Si tratta del principio di diritto sancito dalla Cassazione nell’ordinanza n. 18291, depositata il 6 giugno.
L’art. 14-bis del DPR 640/72 stabilisce che, nel caso degli apparecchi e dei congegni per il gioco lecito, le imposte (ISI e IVA) sono determinate sulla base di un imponibile medio forfetario annuo e il pagamento è effettuato in un’unica soluzione.

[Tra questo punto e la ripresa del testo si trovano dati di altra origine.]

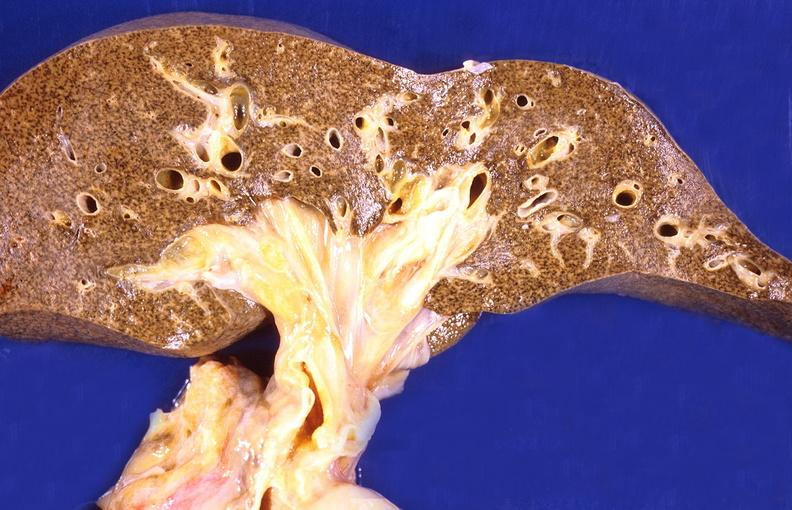s liver present?
Answer the question using a single word or phrase. Yes 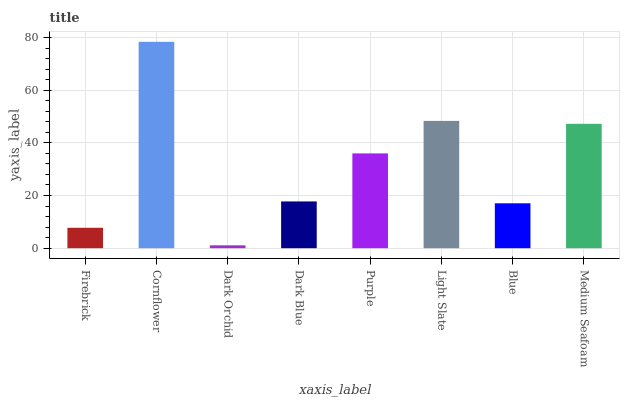Is Dark Orchid the minimum?
Answer yes or no. Yes. Is Cornflower the maximum?
Answer yes or no. Yes. Is Cornflower the minimum?
Answer yes or no. No. Is Dark Orchid the maximum?
Answer yes or no. No. Is Cornflower greater than Dark Orchid?
Answer yes or no. Yes. Is Dark Orchid less than Cornflower?
Answer yes or no. Yes. Is Dark Orchid greater than Cornflower?
Answer yes or no. No. Is Cornflower less than Dark Orchid?
Answer yes or no. No. Is Purple the high median?
Answer yes or no. Yes. Is Dark Blue the low median?
Answer yes or no. Yes. Is Dark Blue the high median?
Answer yes or no. No. Is Blue the low median?
Answer yes or no. No. 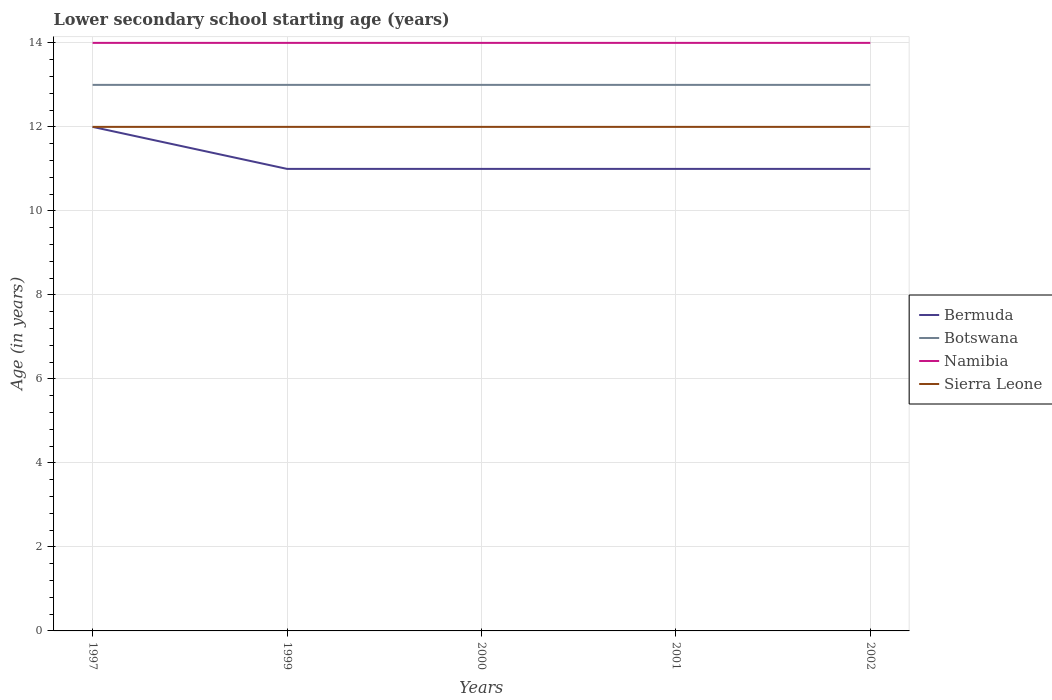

Secondo i giudici di legittimità, però, la disciplina dell’IVA non può essere inscindibilmente collegata e condizionata da quella dell’ISI. Infatti, quest’ultima soggiace esclusivamente al diritto interno, mentre l’IVA è sottoposta a vincoli derivanti dalla disciplina unionale, la quale riconosce al soggetto passivo la possibilità di applicare l’imposta con il regime ordinario. Tale opzione può essere desunta anche da comportamenti concludenti.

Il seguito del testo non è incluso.